I have had several sundowners and have been very happy with them.


----------



## Valh

*I've got one too*

I have a 2006 two horse sundowner with dressing room. This summer I noticed large pieces of rust from the trailer frame (under the floor) falling off. The pieces are 1 1/2inches wide and two to three inches long. I have my trailer maintained and inspected every year religiously. I also hose the trailer out every time it is used. I would describe it as very lightly used over the last six years. There is definitely an issue with the frame that supports the trailer. I know of another person who had the same problem with a slightly older sundowner. He had a repair made (by an authorized sundowner service facility and under the direction of sundowner) that was involved and expensive (thousands) on one half the trailer. Then, the other side deteriorated six months later. He opted to trade it in because he simply didn't trust it anymore.
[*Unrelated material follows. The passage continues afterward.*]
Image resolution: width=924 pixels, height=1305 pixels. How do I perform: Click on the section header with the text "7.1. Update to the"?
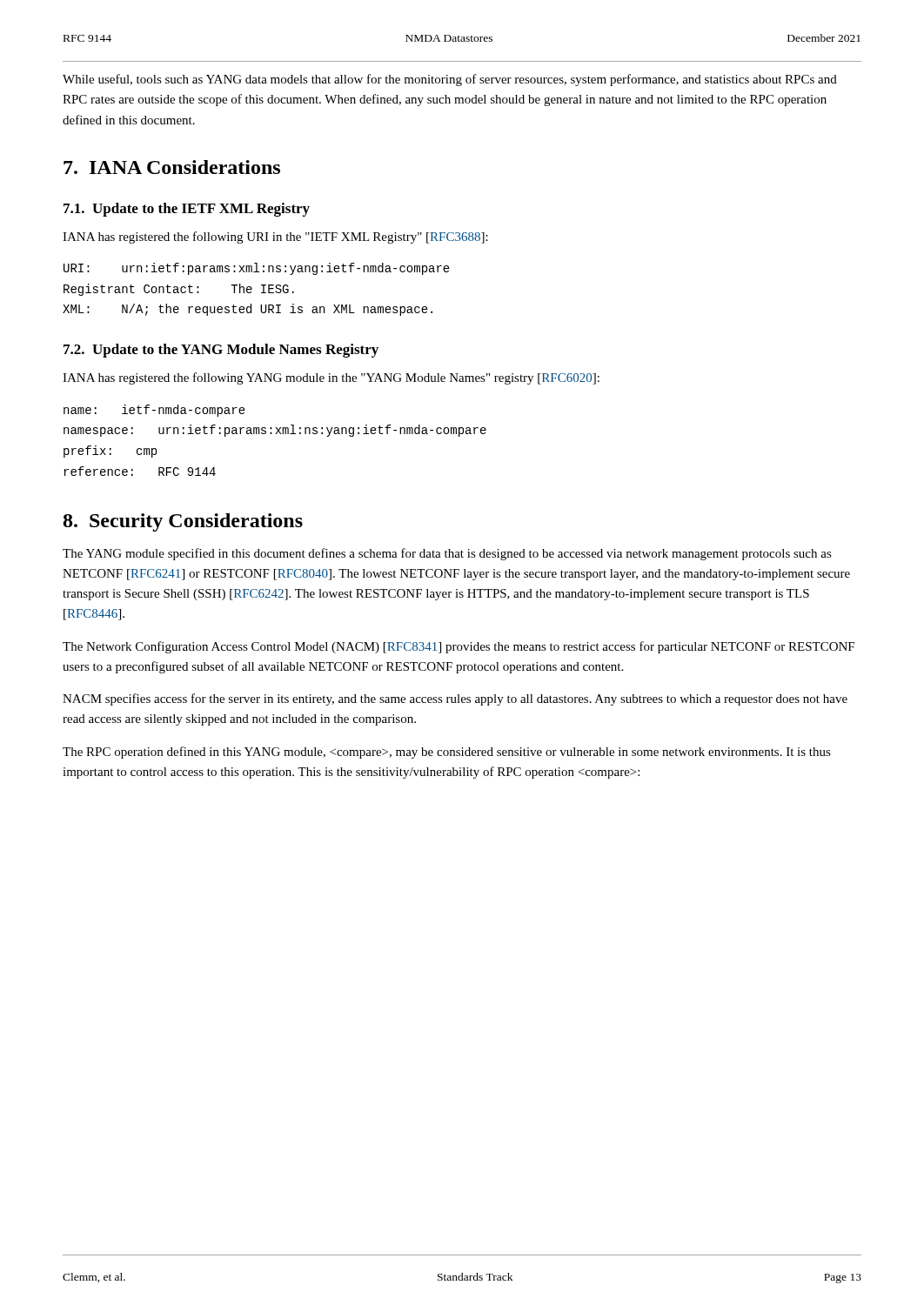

Currently, my trailer is in the service facility. Sundowner is pondering the solution and acting like no one has ever had a problem such as mine. From other blogs I have read it seems as if there is a problem with the powder coating on the steel and the steel/aluminum chemical reaction of the trailer 's components. You will note that they have evidently changed from steel to aluminum frame the last few years. The big question...did sundowner see this coming? How can their employees sleep at night knowing they have thousands of trailers on the road that are going to have the bottoms fall out while hauling horses the next few years. And, what human life will be lost along with our beloved horses?


----------



## Twoponies

Nanse said:


> I am interested in hearing from anyone out there who is experiencing the corrosion/rust issues on the floor and frame of Sundowner trailers produced between 1999 and 2008. These are potentially catastrophic failure issues, and there are hundreds if not thousands of trailer owners affected, many of whom may not even be aware their trailer is a potential time bomb.
> 
> I am serious about pursuing a class action lawsuit as the company continues to hide behind the "out of warranty' issue. My trailer is nine years old (one year out of structural warranty), I am still making payments, and the frame is so rusted the guy who was examining the corroded aluminum floor (a different problem) walked away in silence, after easily prying off chunks of corroded steel. I was told this corrosion issue was _years_ in the making! Just because it was discovered out of the companies' warranty period I am stuck with a useless trailer I am still paying on and can't use! I teach riding and haul to shows, and it's my only source of income. How many of you are dealing with this?! CHECK THE FRAME AND FLOOR OF YOUR SUNDOWNER! Thank God I caught mine!! Contact me for more info or to share stories. I am located in Ohio and am serious about getting the company--whose reputation I depended on for this huge investment--to make this right!! Legal action in the works, depend on it!!!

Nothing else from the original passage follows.